The log printed by umi consensus contains statistical information on the input reads that can be useful for quality control. The two pieces of information currently available are:

  • Group size histogram: Group size is the number of supporting raw reads within a group that call one consensus read. The histogram shows the number of UMI consensus reads that have a specific group size and can be used to detect issues:

    • If the proportion of singletons (UMI consensus with group size = 1) is too high, it will be difficult to accurately model the PCR error rates and improve the quality scores.

    • Conversely, if the average reads per UMI group is too high, it could be an indication that the amount of input DNA in the library preparation was too low, which in turn will lead to low coverage of consensus reads.

  • Duplex stat: With duplex UMI tags, umi consensus is able to recognize reads originating from each strand of DNA by comparing the UMI tags from both R1 and R2 reads, and identify errors raised during sample preparation. The numbers reported in the log represent the number of consensus reads that are either single strand or duplex, grouped by the following codes:

    • Group code 1: Single-strand consensus with no reads from the complementary UMI group.

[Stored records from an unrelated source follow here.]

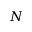<formula> <loc_0><loc_0><loc_500><loc_500>N</formula> 
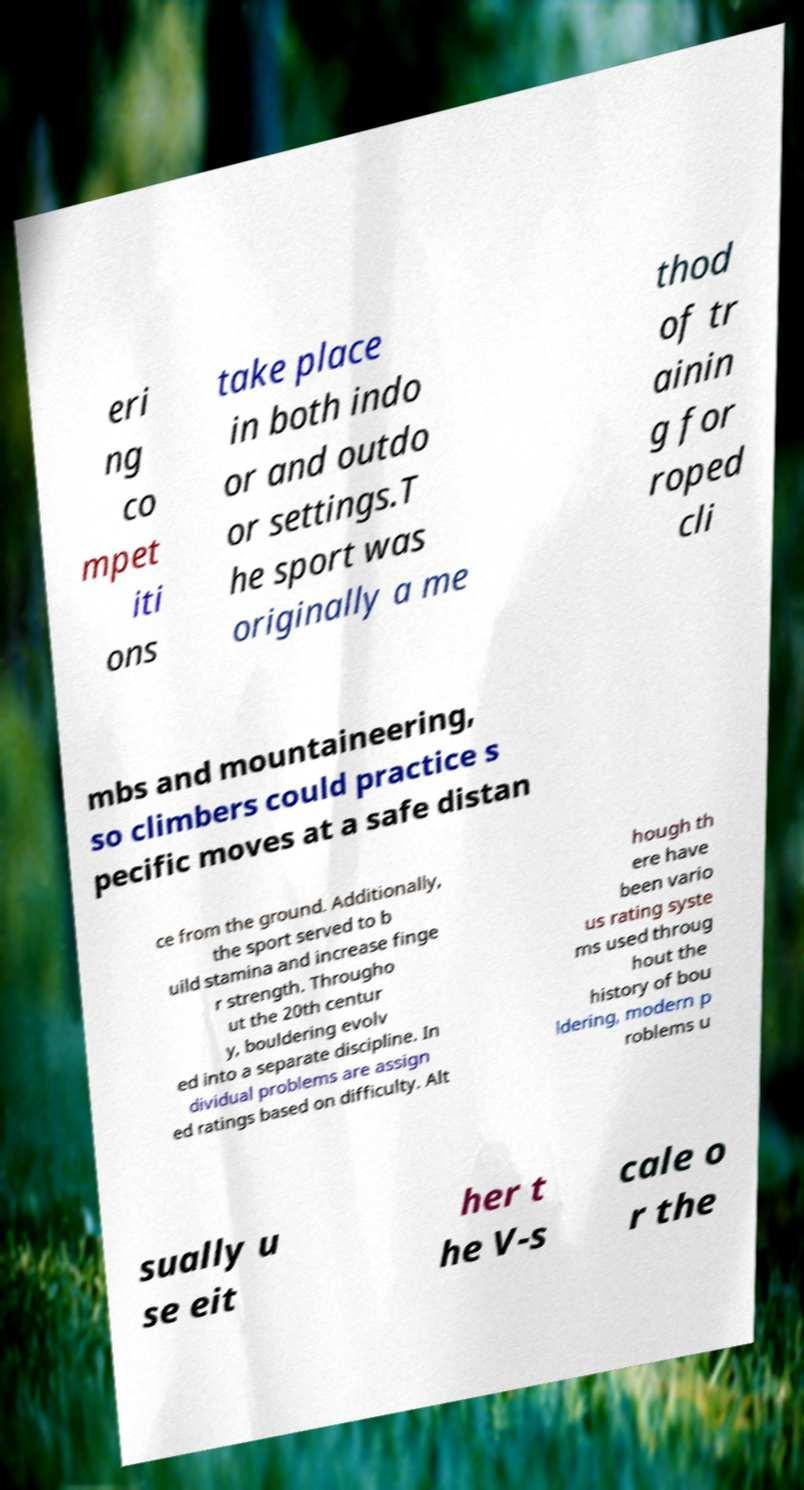What messages or text are displayed in this image? I need them in a readable, typed format. eri ng co mpet iti ons take place in both indo or and outdo or settings.T he sport was originally a me thod of tr ainin g for roped cli mbs and mountaineering, so climbers could practice s pecific moves at a safe distan ce from the ground. Additionally, the sport served to b uild stamina and increase finge r strength. Througho ut the 20th centur y, bouldering evolv ed into a separate discipline. In dividual problems are assign ed ratings based on difficulty. Alt hough th ere have been vario us rating syste ms used throug hout the history of bou ldering, modern p roblems u sually u se eit her t he V-s cale o r the 
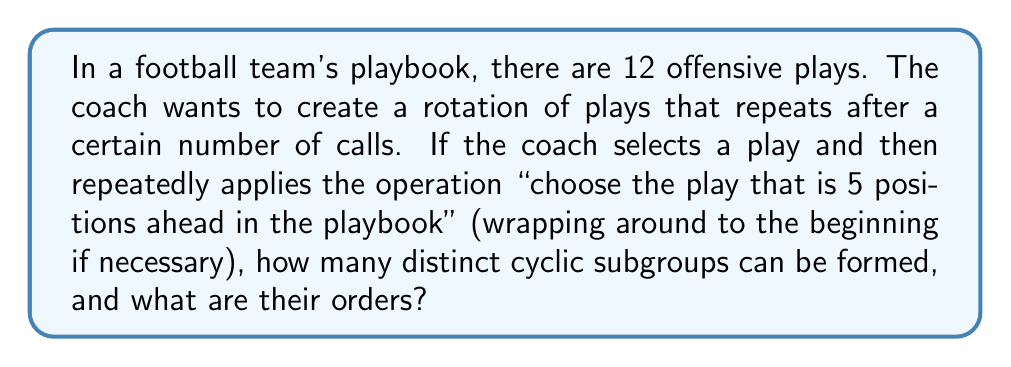Can you answer this question? Let's approach this step-by-step:

1) First, we need to understand what this operation means in terms of group theory. We have a set of 12 elements (plays), and we're applying a transformation that moves us 5 steps forward each time. This is equivalent to addition modulo 12.

2) In group theory terms, we're looking at the cyclic subgroups generated by the element 5 in the group $(\mathbb{Z}_{12}, +)$.

3) To find the cyclic subgroups, we need to repeatedly add 5 (mod 12) until we get back to 0:

   $5 \equiv 5 \pmod{12}$
   $5 + 5 \equiv 10 \pmod{12}$
   $10 + 5 \equiv 3 \pmod{12}$
   $3 + 5 \equiv 8 \pmod{12}$
   $8 + 5 \equiv 1 \pmod{12}$
   $1 + 5 \equiv 6 \pmod{12}$
   $6 + 5 \equiv 11 \pmod{12}$
   $11 + 5 \equiv 4 \pmod{12}$
   $4 + 5 \equiv 9 \pmod{12}$
   $9 + 5 \equiv 2 \pmod{12}$
   $2 + 5 \equiv 7 \pmod{12}$
   $7 + 5 \equiv 0 \pmod{12}$

4) We see that we go through all 12 elements before returning to 0. This means that the element 5 generates the entire group $\mathbb{Z}_{12}$.

5) In group theory, we know that the subgroups of a cyclic group are precisely the groups generated by its powers. The powers of 5 in $\mathbb{Z}_{12}$ are:

   $5^1 \equiv 5 \pmod{12}$
   $5^2 \equiv 1 \pmod{12}$
   $5^3 \equiv 5 \pmod{12}$
   $5^4 \equiv 1 \pmod{12}$

6) This means we have two distinct generators: 5 and 1.

7) The subgroup generated by 5 is the entire group, of order 12.
   The subgroup generated by 1 is $\{0, 1, 2, 3, 4, 5, 6, 7, 8, 9, 10, 11\}$, also of order 12.

Therefore, there is only one distinct cyclic subgroup in this case, and its order is 12.
Answer: There is 1 distinct cyclic subgroup, with order 12. 
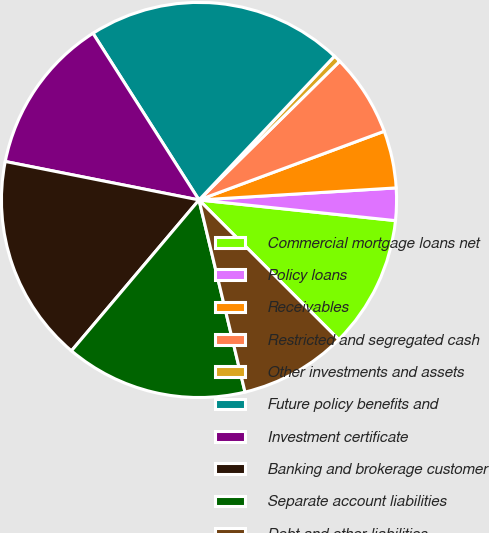Convert chart to OTSL. <chart><loc_0><loc_0><loc_500><loc_500><pie_chart><fcel>Commercial mortgage loans net<fcel>Policy loans<fcel>Receivables<fcel>Restricted and segregated cash<fcel>Other investments and assets<fcel>Future policy benefits and<fcel>Investment certificate<fcel>Banking and brokerage customer<fcel>Separate account liabilities<fcel>Debt and other liabilities<nl><fcel>10.82%<fcel>2.64%<fcel>4.68%<fcel>6.73%<fcel>0.59%<fcel>21.04%<fcel>12.86%<fcel>16.95%<fcel>14.91%<fcel>8.77%<nl></chart> 
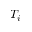Convert formula to latex. <formula><loc_0><loc_0><loc_500><loc_500>T _ { i }</formula> 
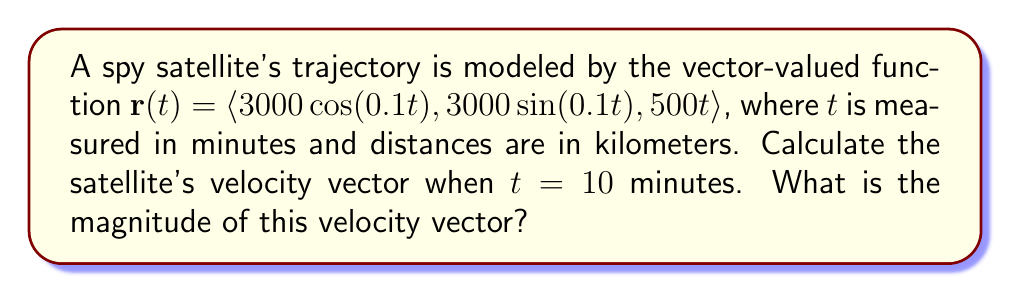Provide a solution to this math problem. To solve this problem, we'll follow these steps:

1) The velocity vector is the derivative of the position vector with respect to time. So, we need to find $\mathbf{r}'(t)$.

2) Let's differentiate each component of $\mathbf{r}(t)$:
   
   $\frac{d}{dt}(3000\cos(0.1t)) = -300\sin(0.1t)$
   $\frac{d}{dt}(3000\sin(0.1t)) = 300\cos(0.1t)$
   $\frac{d}{dt}(500t) = 500$

3) Therefore, the velocity vector is:
   
   $\mathbf{r}'(t) = \langle -300\sin(0.1t), 300\cos(0.1t), 500 \rangle$

4) Now, we need to evaluate this at $t = 10$:
   
   $\mathbf{r}'(10) = \langle -300\sin(1), 300\cos(1), 500 \rangle$

5) To find the magnitude of this vector, we use the formula:
   
   $\|\mathbf{v}\| = \sqrt{v_1^2 + v_2^2 + v_3^2}$

6) Substituting our values:
   
   $\|\mathbf{r}'(10)\| = \sqrt{(-300\sin(1))^2 + (300\cos(1))^2 + 500^2}$

7) Simplify:
   
   $\|\mathbf{r}'(10)\| = \sqrt{90000\sin^2(1) + 90000\cos^2(1) + 250000}$
   
   $= \sqrt{90000(\sin^2(1) + \cos^2(1)) + 250000}$
   
   $= \sqrt{90000 + 250000}$ (since $\sin^2(1) + \cos^2(1) = 1$)
   
   $= \sqrt{340000} \approx 583.10$ km/min
Answer: The velocity vector at $t = 10$ minutes is $\langle -300\sin(1), 300\cos(1), 500 \rangle$ km/min, and its magnitude is approximately 583.10 km/min. 
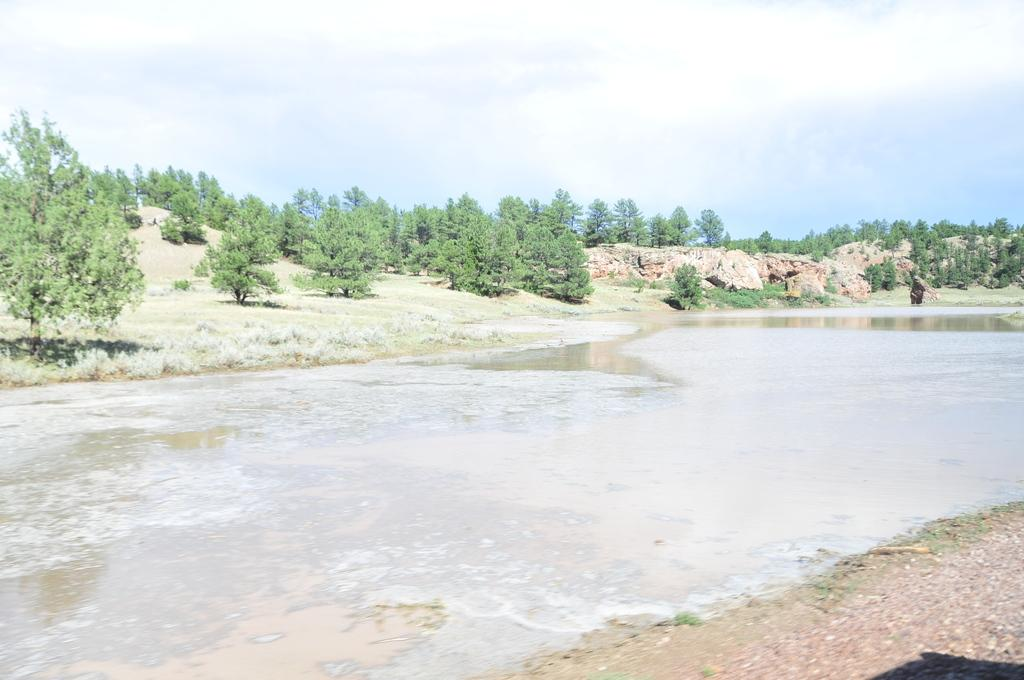What type of vegetation can be seen in the image? There is a group of trees and plants in the image. What is visible in the foreground of the image? Water and rocks are visible in the foreground of the image. What can be seen at the top of the image? The sky is visible at the top of the image. How many cakes are being served for lunch in the image? There are no cakes or references to lunch in the image; it features a natural scene with trees, plants, water, rocks, and the sky. 
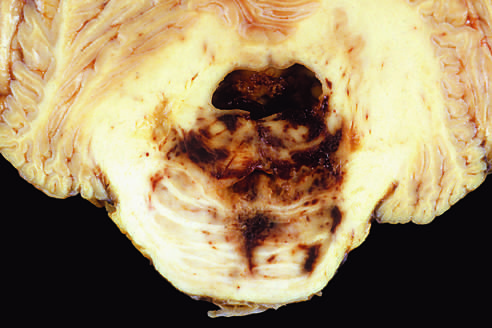s the irreversible injury disruption of the vessels that enter the pons along the midline, leading to hemorrhage?
Answer the question using a single word or phrase. No

    • Group code 2: Duplex consensus with reads from two complementary UMI groups.

    • Group code 3: UMI sequences from R1 and R2 reads are the same. In this case, umi consensus relies on the strand of inserts to determine whether the input reads are from the same strand. This group is further divided into:

      • Group code 31: Single-strand consensus with all reads coming from the same strand.

      • Group code 32: Duplex consensus with reads from both strands of DNA.